In the Meno, Meno presents Socrates with a paradox about inquiry. He argues that there is no way to inquire into something that you don't know, since you don't know how to begin and you do not know that you don't know something, but there is also no way to inquire into something that you already know, since you already have the knowledge in question. Thus, we reach the paradoxical conclusion that inquiry is impossible. Thus, Socrates attempts to unravel Meno's paradox by presenting his theory of recollection; that due to the immortality of the soul man never learns anthing but only recalls previous knowledge. It can be clearly argued however, that Socrates does not adequately defend his theory of recollection by questioning even if it cannot completely be said that it is useless and entirely unbelievable.

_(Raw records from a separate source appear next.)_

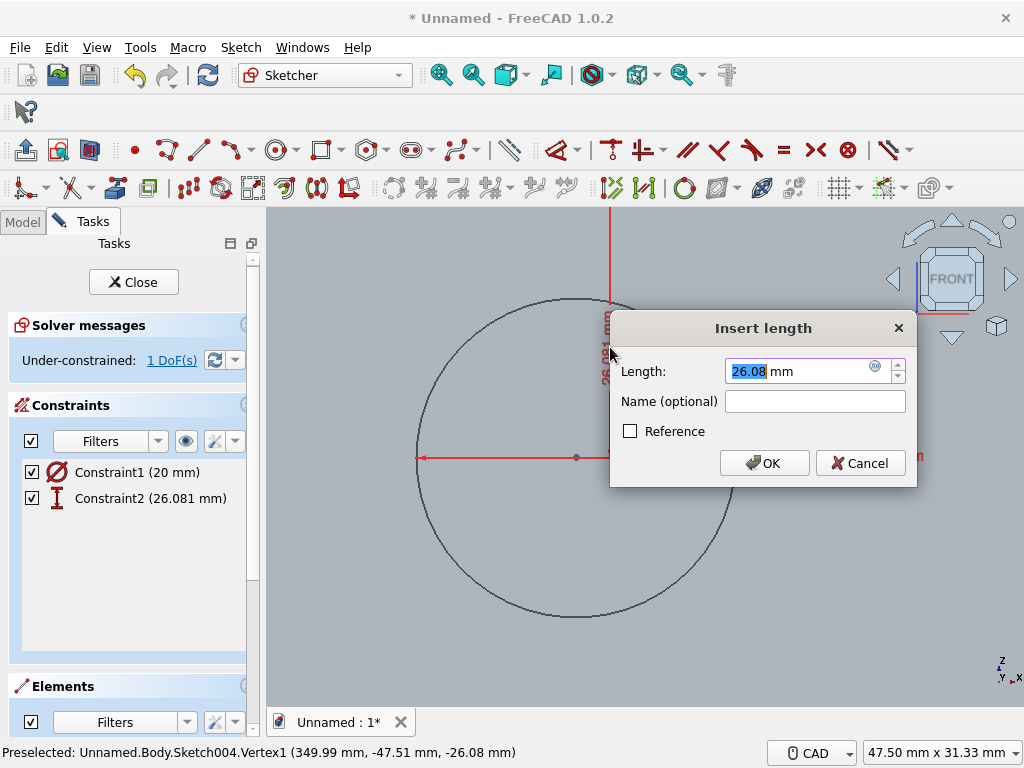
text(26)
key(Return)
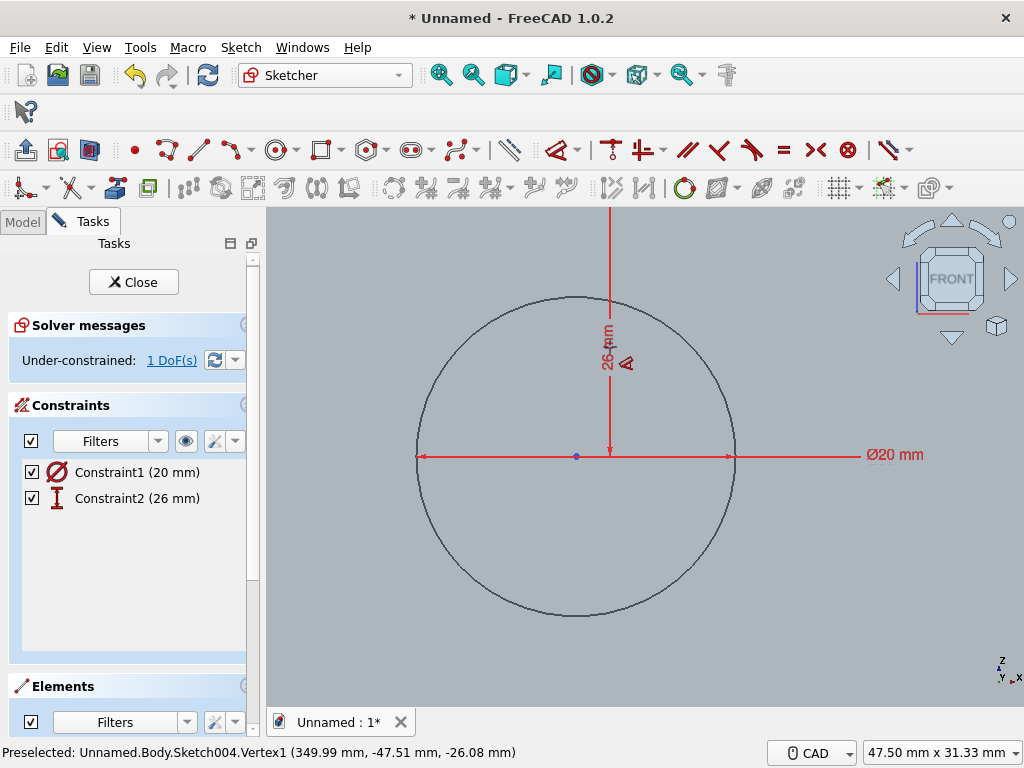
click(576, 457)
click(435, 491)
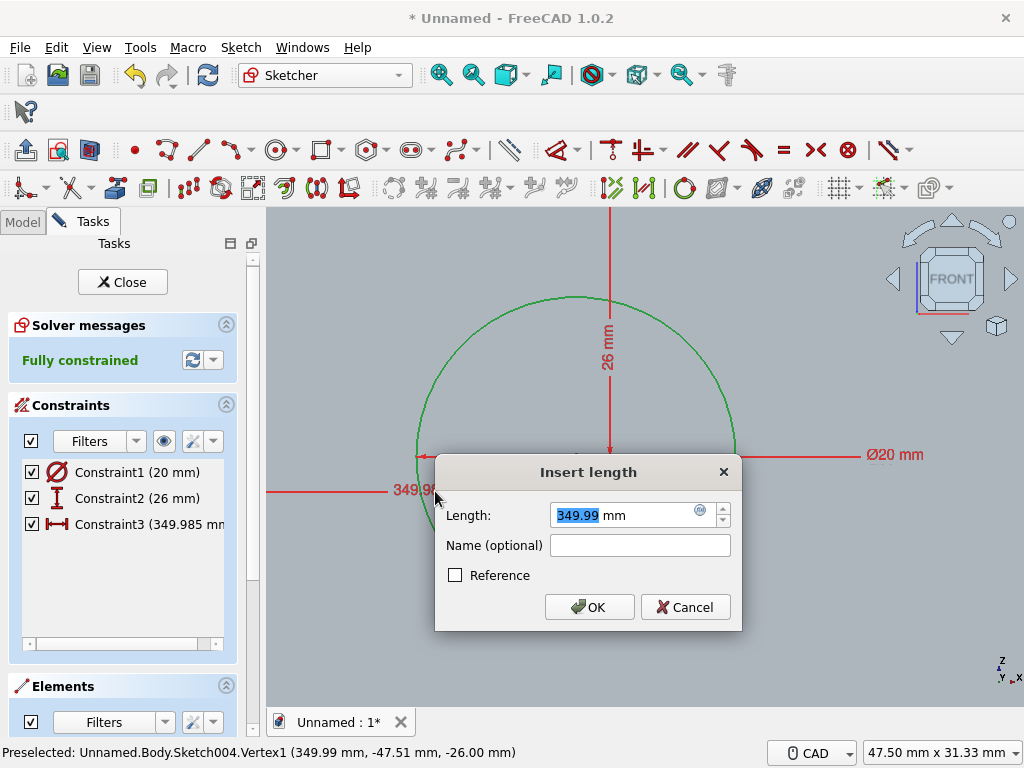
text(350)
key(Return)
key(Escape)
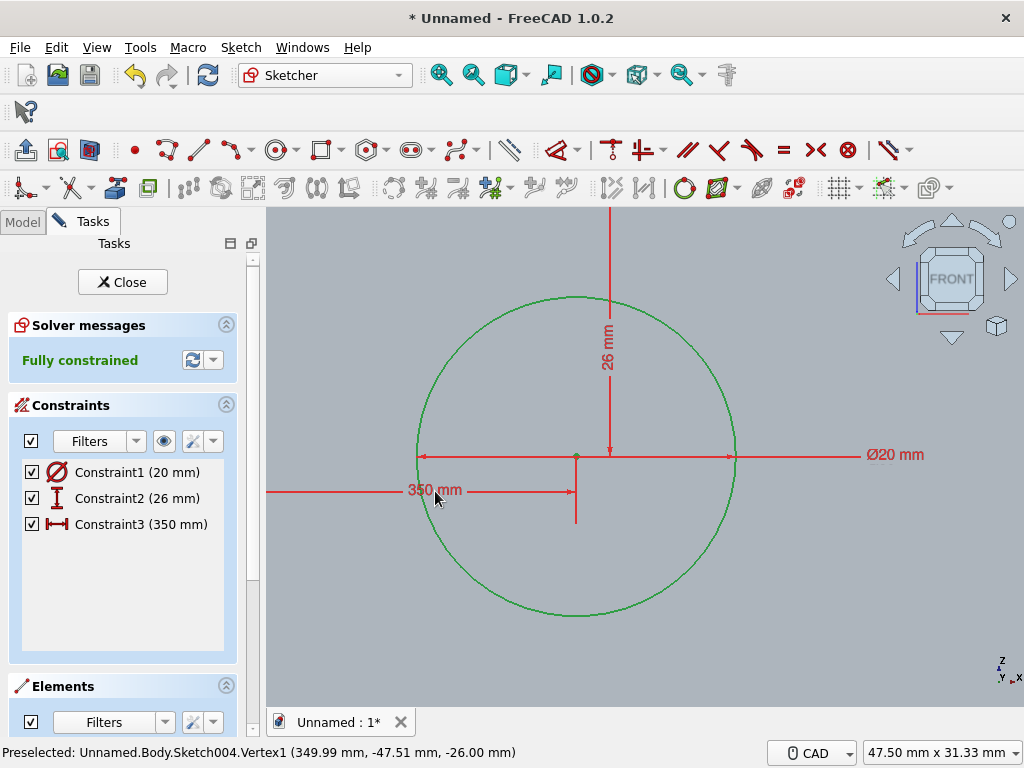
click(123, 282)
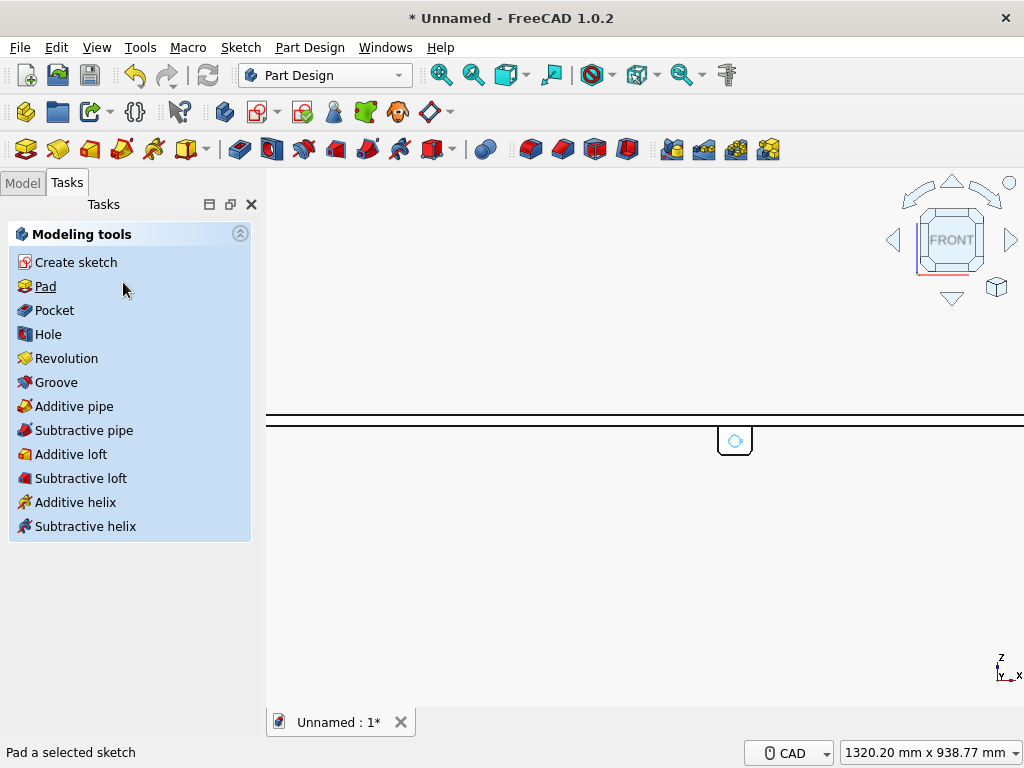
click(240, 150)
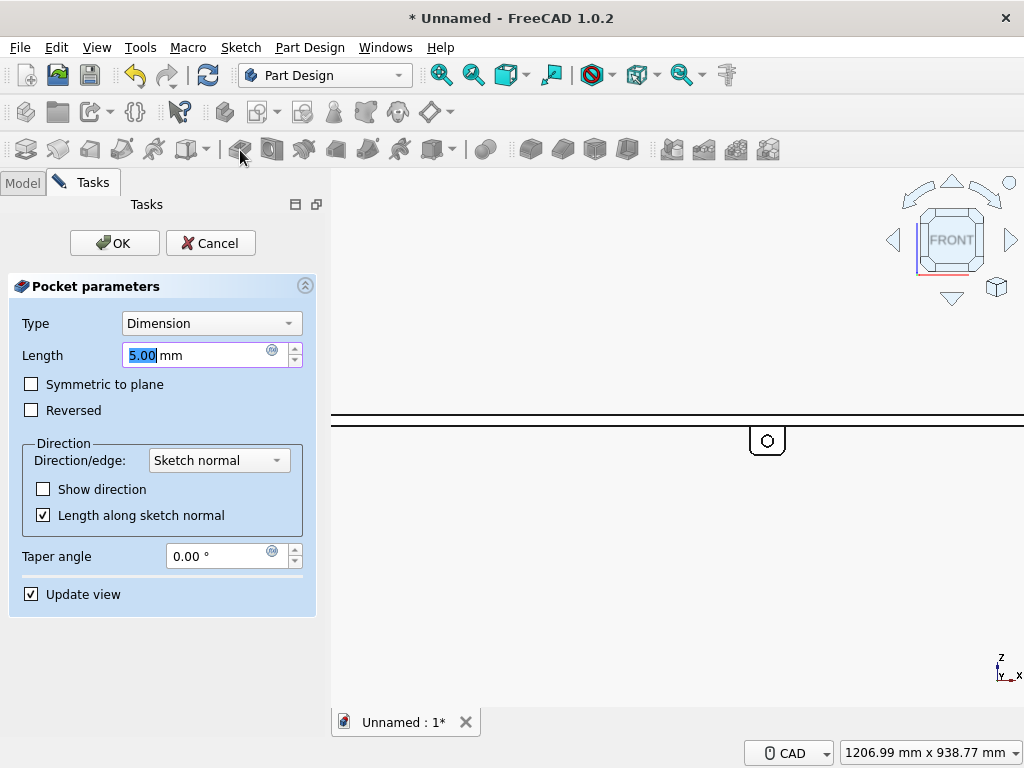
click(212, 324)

The first argument with proposition one is that it builds upon the idea within the theory that knowledge is what we know in the very present moment. However, it is perfectly possible to remember something which at a time in question we may not have been able to recall, especially having been asked such leading questions as Socrates asks the slave-boy. It is fair to say therefore, that knowledge is not black and white as we may have in our subconscious which is not at certain times in our conscious mind; thus it does not appear true to say that we either know or do not know something. Proposition two is correct as even though someone is able to make an inquiry to find out what they already know it is indeed a pointless exercise; proposition two therefore can be regarded as true. Proposition three is the most problematic part of Meno's paradox as it implausible for many forms of inquiry. An empirical inquiry for instance, one which is based upon observation, allows the person who is ignorant to have enough knowledge about what they do not know to ask a question and thus relieve their ignorance, for instance if we ask directions to a place. It is therefore clear that Meno's paradox only applies in the case of non-empirical questions and that Socrates' theory already appears weaker because it is not needed to explain a certain kind of inquiry.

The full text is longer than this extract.